A Securitarian Solange
France has launched a cluster bomb on the EU’s legal and political order
There is sigh of relief across Europe after the BVerfG has rejected the injunction order by the plaintiffs against the Own Resources Decision. But a decision by the French Conseil d’Etat (the highest administrative court) taken on the same day might be the far more important political decision.
Indeed, the decision by the BVerfG considers that the cost of blocking the agreement far exceeds the risks (including for the international reputation of the German Government).
However, this is not a ruling on the substance of the matter, it is only a decision on the injunction. The Court is still liable (and likely) to refer the case to the ECJ and this could play an important role in future debates to expand and extend the Recovery and Resilience Facility.
It is therefore fair to assume, despite this positive development, that we still have not crossed the Hamiltonian Rubicon and that the legal and political struggle for the RRF to become a permanent mechanism is only starting. This time however, it is quite possible that the ECJ could side with the BVerfG and consider that the legal basis under which the RRF was built is unsuitable to make it a permanent mechanism. On the debates regarding the legal basis used for the RRF and what lies ahead see here and here.
But the more important decision this week is that of the French Conseil d’Etat, which was ruling following a referral to the ECJ. The case is rather simple: the French security services are mandating sweeping collection of personal connection data to internet providers and telecommunication operators in violation of the e-privacy directive. The ECJ has considered in its October 2020 ruling that this practice was not only violating the directive but also violating the EU’s Charter of Fundamental Rights.
Following the ECJ ruling, the French Government doubled down and asked through its General Secretariat of the Government to challenge the European Court of Justice and to possibly follow two legal avenues to mount this challenge:
- Consider the ECJ as acting ultra vires, thereby effectively take the rather confrontational line of adjudicating on a matter of European Law (in a similar fashion to what the BVerfG did in its PSPP ruling).
- Claim that this decision was creating a conflict with the French Constitutional order and that these provisions were undermining France’s constitutional identity.
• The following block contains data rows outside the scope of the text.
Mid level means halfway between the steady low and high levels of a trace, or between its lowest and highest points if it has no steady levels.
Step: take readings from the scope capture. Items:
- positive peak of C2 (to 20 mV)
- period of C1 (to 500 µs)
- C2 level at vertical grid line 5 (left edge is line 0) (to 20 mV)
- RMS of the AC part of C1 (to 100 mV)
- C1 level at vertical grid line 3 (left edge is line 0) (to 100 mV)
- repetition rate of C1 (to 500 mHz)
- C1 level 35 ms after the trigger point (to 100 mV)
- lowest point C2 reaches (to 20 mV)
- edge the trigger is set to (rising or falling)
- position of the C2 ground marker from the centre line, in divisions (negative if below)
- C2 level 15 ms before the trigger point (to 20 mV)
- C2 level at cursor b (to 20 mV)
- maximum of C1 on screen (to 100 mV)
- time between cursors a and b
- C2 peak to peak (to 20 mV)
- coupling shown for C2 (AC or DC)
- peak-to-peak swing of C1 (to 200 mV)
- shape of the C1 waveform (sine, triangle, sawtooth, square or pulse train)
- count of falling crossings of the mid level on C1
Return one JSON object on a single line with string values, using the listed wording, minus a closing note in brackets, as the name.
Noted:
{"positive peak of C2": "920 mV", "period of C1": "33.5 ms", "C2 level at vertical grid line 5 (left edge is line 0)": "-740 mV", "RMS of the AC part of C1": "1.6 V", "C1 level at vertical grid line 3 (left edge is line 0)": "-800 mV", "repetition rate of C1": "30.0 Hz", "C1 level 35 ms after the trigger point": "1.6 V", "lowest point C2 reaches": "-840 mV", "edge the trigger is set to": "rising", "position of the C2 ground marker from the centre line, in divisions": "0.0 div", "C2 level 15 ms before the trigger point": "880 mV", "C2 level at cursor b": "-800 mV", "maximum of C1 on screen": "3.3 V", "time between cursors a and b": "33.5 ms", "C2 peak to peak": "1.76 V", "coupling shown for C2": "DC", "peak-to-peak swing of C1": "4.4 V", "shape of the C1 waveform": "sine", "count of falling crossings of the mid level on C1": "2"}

In its conclusions, the Rapporteur Public (equivalent to the Advocate General before the CJEU) has raised a number of quite fundamental questions including the conflict between the Constitutional obligation for the government to ensure national security and the EU’s Charter of Fundamental Rights. Interestingly, the Rapporteur Public raised the possibility to refer the case to the French Constitutional Court potentially cementing the view that France’s Constitutional identity and its mandate to the government to provide security was imperative and unreconcilable with the EU’s Charter of Fundamental Rights.
In its decision, the Conseil d’Etat chose both a less confrontational course than the BVerfG by refusing to consider the ECJ ruling ultra vires, a decision welcomed by Jacques Ziller and many legal scholars, but it also chose to create more assertive and confrontational objection to the Court’s ruling which could have very profound and long lasting consequences on the EU’s legal and political order, something that has been largely unreported.
Indeed, the French Court goes further than the BVerfG by openly resisting the application of EU law. The BVerfG had paved the way for such action in its ultra vires ruling against the PSPP but the German Government and the Bundesbank effectively held back and never effectively disobeyed European law and the ECJ ruling. In this case, the French Government will indeed reject EU law for an extended (and potentially unlimited) period of time.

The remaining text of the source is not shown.